The Soyuz first flew in 1966, a derivative of the missile that carried Sputnik -- the world's first satellite -- into orbit on Oct. 4, 1957. The Soyuz rocket has tallied a 98 percent success rate in 820 missions.

The Russians have made little more than incremental upgrades to its systems since.

"You sort of sense their philosophy is that 'better is the enemy of good,' " Thagard said. "It does the job it was designed to do. It's very safe, and they're little inclined to change it."

Inside the Soyuz

Don a bulky partial-pressure spacesuit and climb aboard a Soyuz at Baikonur Cosmodrome in Kazakhstan and you'll find yourself in a confined capsule about the size of the modest Gemini spacecraft the U.S. flew during the mid-1960s.

The Soyuz's interior is pale green. It has a bevy of switches and gauges all are labeled in Cyrillic, and has three closely spaced seats, each with liners custom-fitted for the cosmonaut or astronaut who will ride in them.

Roomy it's not.

Think about taking the cramped middle seat in an airliner, rubbing elbows with two large people on either side of you. There's no legroom because the flight is full and your oversized carry-on is beneath the seat in front of you.

Now picture your row covered by a metallic pup tent that seems to get smaller and smaller once the flap -- or in the case of the Soyuz, the side hatch -- is closed for flight.

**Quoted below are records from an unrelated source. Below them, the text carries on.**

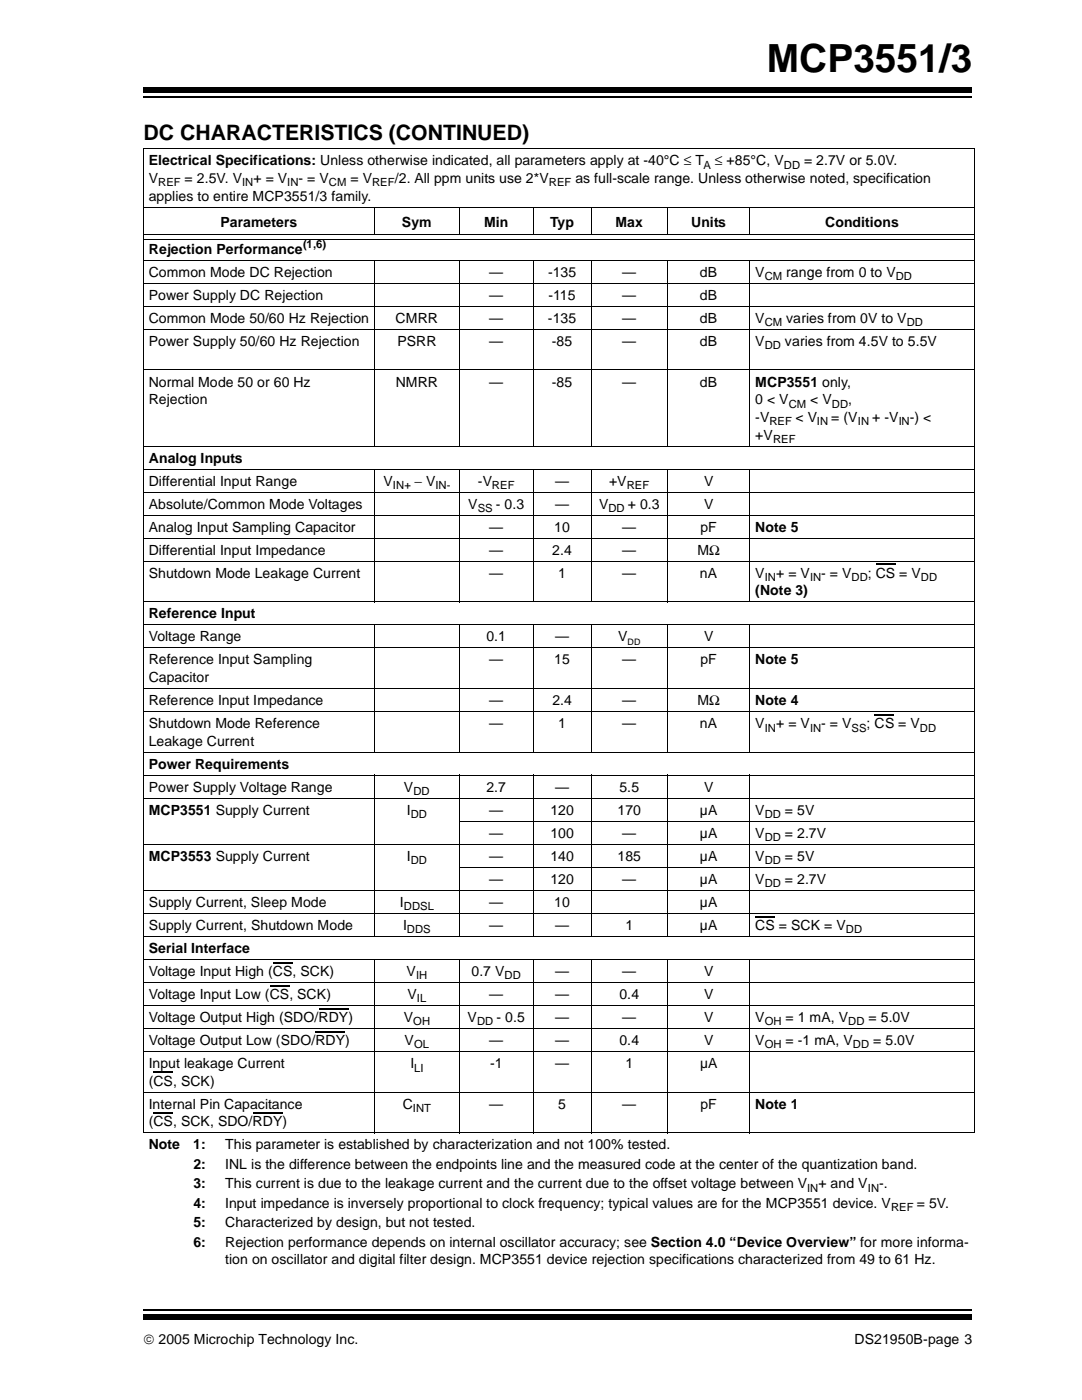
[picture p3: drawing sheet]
<svg xmlns="http://www.w3.org/2000/svg" width="216mm" height="279mm" viewBox="0 0 216 279" stroke-linecap="round" stroke-linejoin="round" font-family="sans-serif">
<defs><g id="words">
<text font-size="7.7" x="152.7" y="14.4">MCP3551/3</text>
<text font-size="4.2" x="28.6" y="27.9">DC CHARACTERISTICS (CONTINUED)</text>
<g font-size="2.8">
<text x="29.6" y="32.9">Electrical Specifications: Unless otherwise indicated, all parameters apply at -40°C ≤ T</text>
<text x="142.4" y="32.9">≤ +85°C, V</text>
<text x="160.2" y="32.9">= 2.7V or 5.0V.</text>
<text x="29.6" y="40">applies to entire MCP3551/3 family.</text>
<text x="29.6" y="36.4">V</text>
<text x="36.8" y="36.4">= 2.5V. V</text>
<text x="50.5" y="36.4">+ = V</text>
<text x="59.5" y="36.4">- = V</text>
<text x="69.8" y="36.4">= V</text>
<text x="78.7" y="36.4">/2. All ppm units use 2*V</text>
<text x="114.6" y="36.4">as full-scale range. Unless otherwise noted, specification</text>
<text x="43.9" y="45.3">Parameters</text>
<text x="80.1" y="45.3">Sym</text>
<text x="96.4" y="45.3">Min</text>
<text x="109.6" y="45.3">Typ</text>
<text x="122.6" y="45.3">Max</text>
<text x="137.7" y="45.3">Units</text>
<text x="164.4" y="45.3">Conditions</text>
<text x="29.6" y="50.6">Rejection Performance</text>
<text x="29.6" y="55.2">Common Mode DC Rejection</text>
<text x="29.6" y="59.7">Power Supply DC Rejection</text>
<text x="97.4" y="59.7">—</text>
<text x="97.4" y="55.2">—</text>
<text x="109.2" y="55.2">-135</text>
<text x="109.2" y="59.7">-115</text>
<text x="123.9" y="59.7">—</text>
<text x="123.9" y="55.2">—</text>
<text x="139.4" y="59.7">dB</text>
<text x="139.4" y="55.2">dB</text>
<text x="150.4" y="55.2">V</text>
<text x="156.6" y="55.2">range from 0 to V</text>
<text x="29.6" y="64.3">Common Mode 50/60 Hz Rejection</text>
<text x="78.8" y="64.3">CMRR</text>
<text x="97.4" y="64.3">—</text>
<text x="109.2" y="64.3">-135</text>
<text x="123.9" y="64.3">—</text>
<text x="139.4" y="64.3">dB</text>
<text x="150.4" y="64.3">V</text>
<text x="156.6" y="64.3">varies from 0V to V</text>
<text x="29.6" y="68.9">Power Supply 50/60 Hz Rejection</text>
<text x="79.2" y="68.9">PSRR</text>
<text x="97.4" y="68.9">—</text>
<text x="109.9" y="68.9">-85</text>
<text x="123.9" y="68.9">—</text>
<text x="139.4" y="68.9">dB</text>
<text x="150.4" y="68.9">V</text>
<text x="156.4" y="68.9">varies from 4.5V to 5.5V</text>
<text x="29.6" y="77">Normal Mode 50 or 60 Hz</text>
<text x="78.8" y="77">NMRR</text>
<text x="97.5" y="77">—</text>
<text x="109.9" y="77">-85</text>
<text x="124" y="77">—</text>
<text x="139.4" y="77">dB</text>
<text x="150.5" y="77">MCP3551 only,</text>
<text x="29.6" y="80.6">Rejection</text>
<text x="150.5" y="80.6">0 &lt; V</text>
<text x="161.4" y="80.6">&lt; V</text>
<text x="169" y="80.6">,</text>
<text x="150.5" y="84.1">-V</text>
<text x="150.5" y="87.6">+V</text>
<text x="158.5" y="84.1">&lt; V</text>
<text x="165.6" y="84.1">= (V</text>
<text x="173.8" y="84.1">+ -V</text>
<text x="181.3" y="84.1">-) &lt;</text>
<text x="29.6" y="92.2">Analog Inputs</text>
<text x="29.6" y="101.4">Absolute/Common Mode Voltages</text>
<text x="29.6" y="96.8">Differential Input Range</text>
<text x="76.4" y="96.8">V</text>
<text x="82.6" y="96.8">− V</text>
<text x="93.3" y="101.4">V</text>
<text x="95.2" y="96.8">-V</text>
<text x="98.8" y="101.4">- 0.3</text>
<text x="110.6" y="96.8">—</text>
<text x="110.6" y="101.4">—</text>
<text x="119.3" y="101.4">V</text>
<text x="121.4" y="96.8">+V</text>
<text x="125.1" y="101.4">+ 0.3</text>
<text x="140.2" y="96.8">V</text>
<text x="140.3" y="101.4">V</text>
<text x="29.6" y="106">Analog Input Sampling Capacitor</text>
<text x="97.5" y="106">—</text>
<text x="110.4" y="106">10</text>
<text x="124" y="106">—</text>
<text x="139.5" y="106">pF</text>
<text x="150.5" y="106">Note 5</text>
<text x="29.6" y="110.5">Differential Input Impedance</text>
<text x="97.5" y="110.5">—</text>
<text x="110" y="110.5">2.4</text>
<text x="124" y="110.5">—</text>
<text x="138.9" y="110.5">MΩ</text>
<text x="29.6" y="115.1">Shutdown Mode Leakage Current</text>
<text x="97.5" y="115.1">—</text>
<text x="111.2" y="115.1">1</text>
<text x="124" y="115.1">—</text>
<text x="139.4" y="115.1">nA</text>
<text x="150.5" y="118.7">(Note 3)</text>
<text x="150.5" y="115.1">V</text>
<text x="154.6" y="115.1">+ = V</text>
<text x="163.6" y="115.1">- = V</text>
<text x="172.9" y="115.1">; CS = V</text>
<text x="29.6" y="123.2">Reference Input</text>
<text x="29.6" y="127.8">Voltage Range</text>
<text x="96.9" y="127.8">0.1</text>
<text x="110.6" y="127.8">—</text>
<text x="123.1" y="127.8">V</text>
<text x="140.2" y="127.8">V</text>
<text x="29.6" y="132.4">Reference Input Sampling</text>
<text x="29.6" y="135.9">Capacitor</text>
<text x="97.5" y="132.4">—</text>
<text x="110.4" y="132.4">15</text>
<text x="124" y="132.4">—</text>
<text x="139.5" y="132.4">pF</text>
<text x="150.5" y="132.4">Note 5</text>
<text x="29.6" y="140.5">Reference Input Impedance</text>
<text x="97.5" y="140.5">—</text>
<text x="110" y="140.5">2.4</text>
<text x="124" y="140.5">—</text>
<text x="138.9" y="140.5">MΩ</text>
<text x="150.5" y="140.5">Note 4</text>
<text x="29.6" y="145.1">Shutdown Mode Reference</text>
<text x="29.6" y="148.6">Leakage Current</text>
<text x="97.5" y="145.1">—</text>
<text x="111.2" y="145.1">1</text>
<text x="124" y="145.1">—</text>
<text x="139.4" y="145.1">nA</text>
<text x="150.5" y="145.1">V</text>
<text x="154.6" y="145.1">+ = V</text>
<text x="163.6" y="145.1">- = V</text>
<text x="172.6" y="145.1">; CS = V</text>
<text x="29.6" y="153.2">Power Requirements</text>
<text x="29.6" y="157.8">Power Supply Voltage Range</text>
<text x="80.5" y="157.8">V</text>
<text x="96.9" y="157.8">2.7</text>
<text x="110.6" y="157.8">—</text>
<text x="123.4" y="157.8">5.5</text>
<text x="140.2" y="157.8">V</text>
<text x="29.6" y="162.4">MCP3551 Supply Current</text>
<text x="81" y="162.4">I</text>
<text x="97.5" y="167">—</text>
<text x="97.5" y="162.4">—</text>
<text x="109.6" y="167">100</text>
<text x="109.6" y="162.4">120</text>
<text x="123" y="162.4">170</text>
<text x="124" y="167">—</text>
<text x="139.4" y="167">µA</text>
<text x="139.4" y="162.4">µA</text>
<text x="150.5" y="167">V</text>
<text x="150.5" y="162.4">V</text>
<text x="156.4" y="162.4">= 5V</text>
<text x="156.4" y="167">= 2.7V</text>
<text x="29.6" y="171.6">MCP3553 Supply Current</text>
<text x="81" y="171.6">I</text>
<text x="97.5" y="171.6">—</text>
<text x="109.6" y="171.6">140</text>
<text x="123" y="171.6">185</text>
<text x="139.4" y="171.6">µA</text>
<text x="150.5" y="171.6">V</text>
<text x="156.4" y="171.6">= 5V</text>
<text x="97.5" y="176.1">—</text>
<text x="109.6" y="176.1">120</text>
<text x="124" y="176.1">—</text>
<text x="139.4" y="176.1">µA</text>
<text x="150.5" y="176.1">V</text>
<text x="156.4" y="176.1">= 2.7V</text>
<text x="29.6" y="180.8">Supply Current, Sleep Mode</text>
<text x="29.6" y="185.3">Supply Current, Shutdown Mode</text>
<text x="79.7" y="180.8">I</text>
<text x="80.3" y="185.3">I</text>
<text x="97.5" y="180.8">—</text>
<text x="97.5" y="185.3">—</text>
<text x="110.4" y="180.8">10</text>
<text x="110.6" y="185.3">—</text>
<text x="124.6" y="185.3">1</text>
<text x="139.4" y="180.8">µA</text>
<text x="139.4" y="185.3">µA</text>
<text x="150.5" y="185.3">CS = SCK = V</text>
<text x="29.6" y="189.9">Serial Interface</text>
<text x="29.6" y="194.5">Voltage Input High (CS, SCK)</text>
<text x="81" y="194.5">V</text>
<text x="93.9" y="194.5">0.7 V</text>
<text x="110.6" y="194.5">—</text>
<text x="124" y="194.5">—</text>
<text x="140.2" y="194.5">V</text>
<text x="29.6" y="199.1">Voltage Input Low (CS, SCK)</text>
<text x="29.6" y="203.7">Voltage Output High (SDO/RDY)</text>
<text x="80.4" y="203.7">V</text>
<text x="81.2" y="199.1">V</text>
<text x="93.1" y="203.7">V</text>
<text x="97.5" y="199.1">—</text>
<text x="98.9" y="203.7">- 0.5</text>
<text x="110.6" y="199.1">—</text>
<text x="110.6" y="203.7">—</text>
<text x="123.4" y="199.1">0.4</text>
<text x="124" y="203.7">—</text>
<text x="140.3" y="199.1">V</text>
<text x="140.3" y="203.7">V</text>
<text x="150.5" y="203.7">V</text>
<text x="156.5" y="203.7">= 1 mA, V</text>
<text x="173" y="203.7">= 5.0V</text>
<text x="29.6" y="208.3">Voltage Output Low (SDO/RDY)</text>
<text x="80.6" y="208.3">V</text>
<text x="97.5" y="208.3">—</text>
<text x="110.6" y="208.3">—</text>
<text x="123.4" y="208.3">0.4</text>
<text x="140.3" y="208.3">V</text>
<text x="150.5" y="208.3">V</text>
<text x="156.5" y="208.3">= -1 mA, V</text>
<text x="173.9" y="208.3">= 5.0V</text>
<text x="29.6" y="212.9">Input leakage Current</text>
<text x="81.7" y="212.9">I</text>
<text x="97.6" y="212.9">-1</text>
<text x="110.6" y="212.9">—</text>
<text x="124.6" y="212.9">1</text>
<text x="139.5" y="212.9">µA</text>
<text x="29.6" y="216.4">(CS, SCK)</text>
<text x="29.6" y="221">Internal Pin Capacitance</text>
<text x="80.2" y="221">C</text>
<text x="97.5" y="221">—</text>
<text x="111.2" y="221">5</text>
<text x="124" y="221">—</text>
<text x="139.5" y="221">pF</text>
<text x="150.5" y="221">Note 1</text>
<text x="29.6" y="224.5">(CS, SCK, SDO/RDY)</text>
<text x="29.6" y="229.1">Note</text>
<text x="38.5" y="229.1">1:</text>
<text x="38.5" y="233">2:</text>
<text x="44.9" y="229.1">This parameter is established by characterization and not 100% tested.</text>
<text x="44.9" y="233">INL is the difference between the endpoints line and the measured code at the center of the quantization band.</text>
<text x="38.5" y="236.9">3:</text>
<text x="44.9" y="236.9">This current is due to the leakage current and the current due to the offset voltage between V</text>
<text x="163.1" y="236.9">+ and V</text>
<text x="175.1" y="236.9">-.</text>
<text x="38.5" y="244.6">5:</text>
<text x="38.5" y="240.7">4:</text>
<text x="44.9" y="244.6">Characterized by design, but not tested.</text>
<text x="44.9" y="240.7">Input impedance is inversely proportional to clock frequency; typical values are for the MCP3551 device. V</text>
<text x="182.6" y="240.7">= 5V.</text>
<text x="38.5" y="248.5">6:</text>
<text x="44.9" y="248.5">Rejection performance depends on internal oscillator accuracy; see Section 4.0 “Device Overview” for more informa-</text>
<text x="44.9" y="252">tion on oscillator and digital filter design. MCP3551 device rejection specifications characterized from 49 to 61 Hz.</text>
<text x="28.6" y="267.8">© 2005 Microchip Technology Inc.</text>
<text x="170.2" y="267.8">DS21950B-page 3</text>
</g>
<g font-size="2.2">
<text x="140.1" y="33.7">A</text>
<text x="156.1" y="33.7">DD</text>
<text x="31.5" y="37.2">REF</text>
<text x="48.2" y="37.2">IN</text>
<text x="57.2" y="37.2">IN</text>
<text x="65.5" y="37.2">CM</text>
<text x="74.1" y="37.2">REF</text>
<text x="109.3" y="37.2">REF</text>
<text x="60.4" y="49.4">(1,6)</text>
<text x="152.4" y="55.9">CM</text>
<text x="178.4" y="55.9">DD</text>
<text x="152.4" y="65">CM</text>
<text x="180.6" y="65">DD</text>
<text x="152.4" y="69.6">DD</text>
<text x="157.1" y="81.3">CM</text>
<text x="165.7" y="81.3">DD</text>
<text x="153.3" y="84.8">REF</text>
<text x="154" y="88.3">REF</text>
<text x="162.7" y="84.8">IN</text>
<text x="170.9" y="84.8">IN</text>
<text x="179" y="84.8">IN</text>
<text x="78.3" y="97.5">IN+</text>
<text x="86.7" y="97.5">IN-</text>
<text x="98" y="97.5">REF</text>
<text x="124.9" y="97.5">REF</text>
<text x="95.2" y="102.1">SS</text>
<text x="121.2" y="102.1">DD</text>
<text x="152.4" y="115.8">IN</text>
<text x="161.4" y="115.8">IN</text>
<text x="169.6" y="115.8">DD</text>
<text x="183.5" y="115.8">DD</text>
<text x="152.4" y="145.8">IN</text>
<text x="161.4" y="145.8">IN</text>
<text x="169.6" y="145.8">SS</text>
<text x="183.2" y="145.8">DD</text>
<text x="82.4" y="158.5">DD</text>
<text x="81.8" y="163.1">DD</text>
<text x="152.4" y="163.1">DD</text>
<text x="152.4" y="167.7">DD</text>
<text x="81.8" y="172.3">DD</text>
<text x="152.4" y="172.3">DD</text>
<text x="152.4" y="176.9">DD</text>
<text x="80.4" y="181.4">DDSL</text>
<text x="81.1" y="186.1">DDS</text>
<text x="168.5" y="186.1">DD</text>
<text x="82.9" y="195.2">IH</text>
<text x="100.5" y="195.2">DD</text>
<text x="83.1" y="199.8">IL</text>
<text x="82.3" y="204.4">OH</text>
<text x="82.5" y="209">OL</text>
<text x="95" y="204.4">DD</text>
<text x="152.4" y="204.4">OH</text>
<text x="152.4" y="209">OH</text>
<text x="169" y="204.4">DD</text>
<text x="169.9" y="209">DD</text>
<text x="82.5" y="213.6">LI</text>
<text x="82.3" y="221.7">INT</text>
<text x="160.8" y="237.6">IN</text>
<text x="172.9" y="237.6">IN</text>
<text x="177.5" y="241.4">REF</text>
</g>
<text font-size="1.8" x="125" y="128.5">DD</text>
</g></defs>
<path d="M28.6 261h165.1" fill="none" stroke="#000" stroke-width=".34"/>
<path d="M28.6 262h165.1v1.1h-165.1z" fill="#000"/>
<path d="M28.6 16.9h165.1v5.5h-165.1z" fill="#fff"/>
<path d="M28.6 19.3h165.1" fill="none" stroke="#000" stroke-width=".34"/>
<path d="M28.6 17.4h165.1v1h-165.1z" fill="#000"/>
<path d="M174.5 112.5h3.9M174.2 142.5h3.9M53.7 196.4h4M54.4 191.9h3.9M150.5 182.7h3.9M30.6 213.7h3.9M62.8 205.6h6M63.5 201h5.9M30.6 221.8h3.9M50.3 221.8h6" fill="none" stroke="#000" stroke-width=".21"/>
<g fill="none" stroke="#000" stroke-width=".2">
<path d="M28.5 29.6h165.6M28.6 29.7v68.3M194.1 29.7v196M28.5 41.3h165.6M28.5 51.9h165.6M28.5 56.5h165.6M28.7 46.8h165.3M28.7 47.7h165.3M74.6 41.2v5.5M74.6 51.8v37.2M91.5 41.2v5.5M91.5 51.8v37.2"/>
<path d="M106.2 41.2v5.5M106.2 51.8v37.2M117.8 41.2v5.5M117.8 51.8v37.2M133 41.2v5.5M133 51.8v37.2M149.4 41.2v5.5M149.4 51.8v37.2M28.5 61h165.6M28.5 65.6h165.6M28.5 73.7h165.6M28.5 88.9h165.6"/>
<path d="M28.5 93.5h165.6M28.5 98.1h165.6M28.6 98.1v4.5M74.6 93.4v26.7M91.5 93.4v26.7M106.2 93.4v26.7M117.8 93.4v26.7M133 93.4v26.7M149.4 93.4v26.7M28.5 102.7h165.6M28.5 107.3h165.6M28.5 111.8h165.6"/>
<path d="M28.5 120h165.6M28.6 102.7v123M28.5 124.5h165.6M28.5 129.1h165.6M28.5 137.2h165.6M74.6 124.5v25.5M91.5 124.5v25.5M106.2 124.5v25.5M117.8 124.5v25.5M133 124.5v25.5M149.4 124.5v25.5M28.5 141.8h165.6"/>
<path d="M28.5 149.9h165.6M28.5 154.5h165.6M28.5 159.1h165.6M74.6 154.4v32.3M91.5 154.4v32.3M106.2 154.4v32.3M117.8 154.4v32.3M133 154.4v32.3M149.4 154.4v32.3M28.5 168.3h165.6M28.5 177.5h165.6M91.4 163.7h102.7"/>
<path d="M91.4 172.9h102.7M28.5 182h165.6M28.5 186.6h165.6M28.5 191.2h165.6M28.5 195.8h165.6M74.6 191.1v34.8M91.5 191.1v34.8M106.2 191.1v34.8M117.8 191.1v34.8M133 191.1v34.8M149.4 191.1v34.8M28.5 200.4h165.6"/>
<path d="M28.5 205h165.6M28.5 209.6h165.6M28.5 217.7h165.6M28.5 225.8h165.6"/>
</g>
<use href="#words"/>
</svg>

"It would be tough, I think, if you were claustrophobic," Thagard said.

Lu and Malenchenko have had relatively little time to train for launching aboard the Soyuz, their alternative to the shuttle.

Both previously received emergency training on how to abandon the station and return to Earth aboard a Soyuz. But neither had been certified, for this particular mission, to launch aboard a Soyuz and then perform a delicate docking at the station.

Day and night

McArthur, who served as director of NASA operations in Russia in 2001, said the Russians initially proposed a post-Columbia training schedule that called for Lu to complete 214 hours of training in Soyuz flight simulators.

But "there just simply was not enough time in the day to do the amount of training that they wanted him to do," McArthur said.

Given the circumstances, NASA and its Russian partners ultimately decided that 138 hours of Soyuz simulator time would be sufficient for Lu, thanks mainly to his proficiency in the Russian language and his ability to pick things up quickly.